* Task instructions
Repeat, exactly and in full, the lines of the listing below, but without any pictures.

* Working data
▼▼▼

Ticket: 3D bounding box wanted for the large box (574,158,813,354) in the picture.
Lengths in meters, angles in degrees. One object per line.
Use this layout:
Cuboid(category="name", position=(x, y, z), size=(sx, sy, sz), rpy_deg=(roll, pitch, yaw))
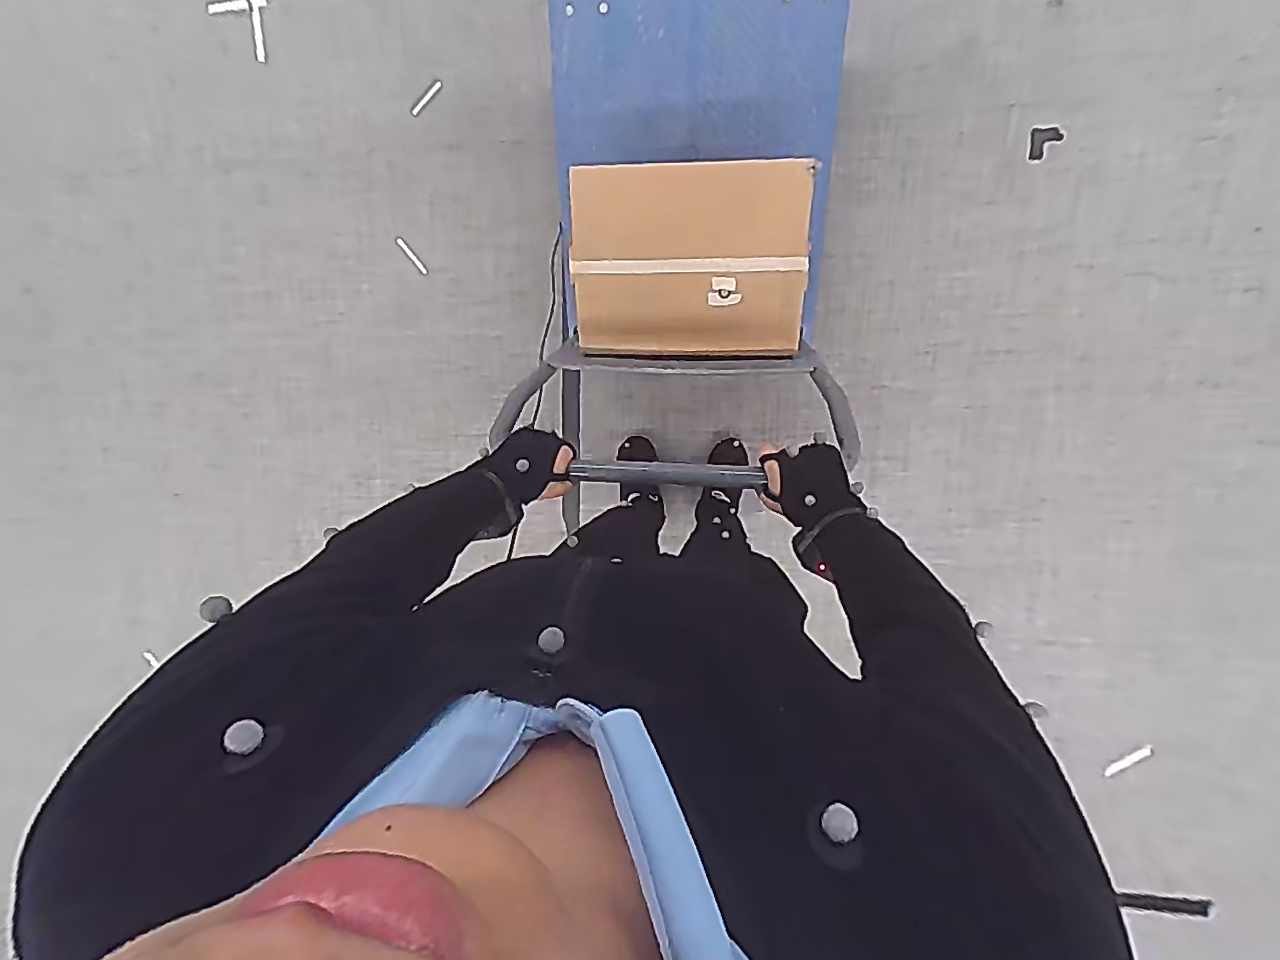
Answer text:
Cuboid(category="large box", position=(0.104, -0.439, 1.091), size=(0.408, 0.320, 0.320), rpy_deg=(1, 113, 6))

▲▲▲

* Output of the task
Ticket: 3D bounding box wanted for the large box (574,158,813,354) in the picture.
Lengths in meters, angles in degrees. One object per line.
Use this layout:
Cuboid(category="name", position=(x, y, z), size=(sx, sy, sz), rpy_deg=(roll, pitch, yaw))
Answer text:
Cuboid(category="large box", position=(0.104, -0.439, 1.091), size=(0.408, 0.320, 0.320), rpy_deg=(1, 113, 6))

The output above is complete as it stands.